Starting at the line that contains "Transcribe the drum", output each line through the end of the data exactly, and nothing more.

• _Given records_
*** Begin section ***

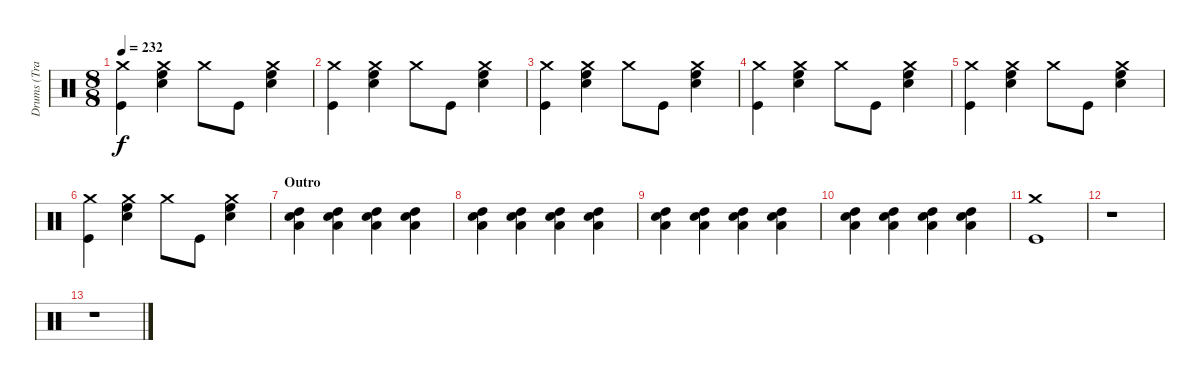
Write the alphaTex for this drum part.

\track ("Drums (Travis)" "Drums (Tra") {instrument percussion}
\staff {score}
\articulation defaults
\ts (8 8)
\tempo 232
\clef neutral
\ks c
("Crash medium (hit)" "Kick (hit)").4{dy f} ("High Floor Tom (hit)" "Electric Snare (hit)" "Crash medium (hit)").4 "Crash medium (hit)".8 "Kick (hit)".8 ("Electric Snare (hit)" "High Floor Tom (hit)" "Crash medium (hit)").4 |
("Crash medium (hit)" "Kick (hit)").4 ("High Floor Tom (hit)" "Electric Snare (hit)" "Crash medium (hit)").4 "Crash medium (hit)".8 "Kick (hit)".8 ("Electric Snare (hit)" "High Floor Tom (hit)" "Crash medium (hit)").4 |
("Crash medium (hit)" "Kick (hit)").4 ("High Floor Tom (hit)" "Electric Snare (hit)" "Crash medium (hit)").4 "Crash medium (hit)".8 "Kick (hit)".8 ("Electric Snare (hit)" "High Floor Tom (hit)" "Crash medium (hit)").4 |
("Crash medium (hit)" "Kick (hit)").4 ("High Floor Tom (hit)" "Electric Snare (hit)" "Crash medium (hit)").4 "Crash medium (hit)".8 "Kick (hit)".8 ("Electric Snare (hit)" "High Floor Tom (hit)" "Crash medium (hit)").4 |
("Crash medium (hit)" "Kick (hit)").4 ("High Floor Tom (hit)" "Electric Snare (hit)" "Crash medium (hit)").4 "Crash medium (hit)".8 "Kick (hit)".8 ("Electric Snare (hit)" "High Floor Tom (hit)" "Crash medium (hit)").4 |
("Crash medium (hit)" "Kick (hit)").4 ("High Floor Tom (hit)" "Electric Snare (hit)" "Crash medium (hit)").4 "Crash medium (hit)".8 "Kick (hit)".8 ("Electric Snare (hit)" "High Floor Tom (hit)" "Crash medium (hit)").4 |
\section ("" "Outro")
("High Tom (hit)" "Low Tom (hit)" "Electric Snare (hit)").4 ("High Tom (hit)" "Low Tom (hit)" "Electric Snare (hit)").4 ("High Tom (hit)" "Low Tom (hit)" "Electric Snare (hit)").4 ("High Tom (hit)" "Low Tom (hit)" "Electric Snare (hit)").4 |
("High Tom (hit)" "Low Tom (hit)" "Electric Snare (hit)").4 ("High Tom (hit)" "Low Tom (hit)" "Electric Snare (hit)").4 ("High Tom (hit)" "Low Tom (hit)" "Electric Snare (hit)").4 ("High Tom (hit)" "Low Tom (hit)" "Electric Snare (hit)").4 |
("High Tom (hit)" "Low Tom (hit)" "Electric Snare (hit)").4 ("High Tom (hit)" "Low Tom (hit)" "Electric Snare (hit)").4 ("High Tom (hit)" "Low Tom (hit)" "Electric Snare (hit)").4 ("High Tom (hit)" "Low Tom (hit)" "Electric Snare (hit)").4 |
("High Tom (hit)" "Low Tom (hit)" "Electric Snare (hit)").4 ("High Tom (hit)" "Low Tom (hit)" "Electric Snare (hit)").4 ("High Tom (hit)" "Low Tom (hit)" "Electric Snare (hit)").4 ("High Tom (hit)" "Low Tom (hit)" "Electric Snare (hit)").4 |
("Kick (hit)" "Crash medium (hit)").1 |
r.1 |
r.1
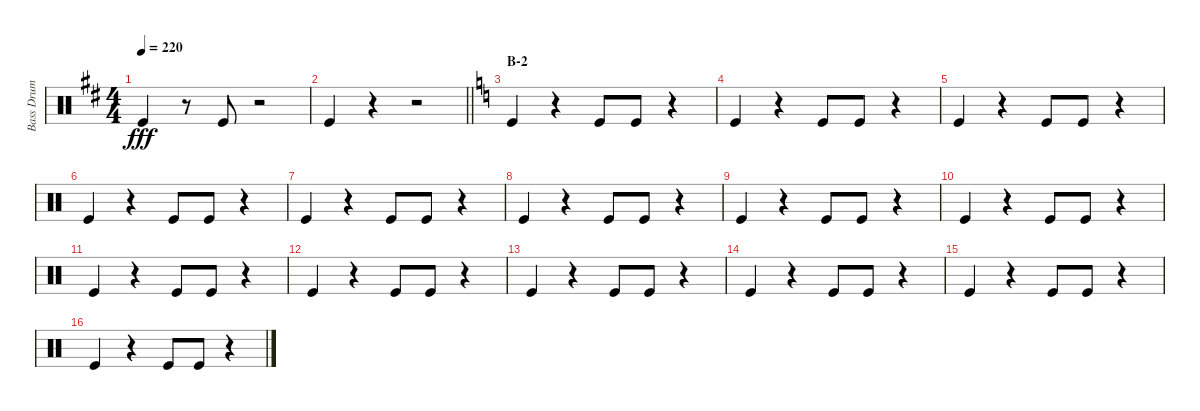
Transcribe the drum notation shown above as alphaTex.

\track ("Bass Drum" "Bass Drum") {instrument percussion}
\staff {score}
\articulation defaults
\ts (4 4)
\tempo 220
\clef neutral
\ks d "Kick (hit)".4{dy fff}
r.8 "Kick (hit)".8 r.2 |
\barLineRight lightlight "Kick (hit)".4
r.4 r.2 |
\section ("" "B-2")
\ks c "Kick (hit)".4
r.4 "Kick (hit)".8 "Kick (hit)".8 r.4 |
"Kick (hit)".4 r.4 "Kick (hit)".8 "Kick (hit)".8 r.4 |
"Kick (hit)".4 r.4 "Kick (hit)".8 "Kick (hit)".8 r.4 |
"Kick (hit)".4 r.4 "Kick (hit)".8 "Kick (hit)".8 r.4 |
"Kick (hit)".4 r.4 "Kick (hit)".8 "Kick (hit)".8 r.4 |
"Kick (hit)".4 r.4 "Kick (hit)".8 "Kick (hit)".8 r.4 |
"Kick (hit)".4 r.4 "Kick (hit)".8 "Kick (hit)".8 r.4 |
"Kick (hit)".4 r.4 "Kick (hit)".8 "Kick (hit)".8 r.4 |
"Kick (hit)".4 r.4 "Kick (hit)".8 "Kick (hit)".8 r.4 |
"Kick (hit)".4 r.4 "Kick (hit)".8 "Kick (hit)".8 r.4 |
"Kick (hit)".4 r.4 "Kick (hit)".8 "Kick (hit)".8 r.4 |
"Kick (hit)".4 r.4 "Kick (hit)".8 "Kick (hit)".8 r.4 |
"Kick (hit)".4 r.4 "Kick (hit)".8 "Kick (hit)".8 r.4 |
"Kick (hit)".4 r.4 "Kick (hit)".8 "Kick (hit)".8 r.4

*** End section ***

• _Your response_
Transcribe the drum notation shown above as alphaTex.

\track ("Bass Drum" "Bass Drum") {instrument percussion}
\staff {score}
\articulation defaults
\ts (4 4)
\tempo 220
\clef neutral
\ks d "Kick (hit)".4{dy fff}
r.8 "Kick (hit)".8 r.2 |
\barLineRight lightlight "Kick (hit)".4
r.4 r.2 |
\section ("" "B-2")
\ks c "Kick (hit)".4
r.4 "Kick (hit)".8 "Kick (hit)".8 r.4 |
"Kick (hit)".4 r.4 "Kick (hit)".8 "Kick (hit)".8 r.4 |
"Kick (hit)".4 r.4 "Kick (hit)".8 "Kick (hit)".8 r.4 |
"Kick (hit)".4 r.4 "Kick (hit)".8 "Kick (hit)".8 r.4 |
"Kick (hit)".4 r.4 "Kick (hit)".8 "Kick (hit)".8 r.4 |
"Kick (hit)".4 r.4 "Kick (hit)".8 "Kick (hit)".8 r.4 |
"Kick (hit)".4 r.4 "Kick (hit)".8 "Kick (hit)".8 r.4 |
"Kick (hit)".4 r.4 "Kick (hit)".8 "Kick (hit)".8 r.4 |
"Kick (hit)".4 r.4 "Kick (hit)".8 "Kick (hit)".8 r.4 |
"Kick (hit)".4 r.4 "Kick (hit)".8 "Kick (hit)".8 r.4 |
"Kick (hit)".4 r.4 "Kick (hit)".8 "Kick (hit)".8 r.4 |
"Kick (hit)".4 r.4 "Kick (hit)".8 "Kick (hit)".8 r.4 |
"Kick (hit)".4 r.4 "Kick (hit)".8 "Kick (hit)".8 r.4 |
"Kick (hit)".4 r.4 "Kick (hit)".8 "Kick (hit)".8 r.4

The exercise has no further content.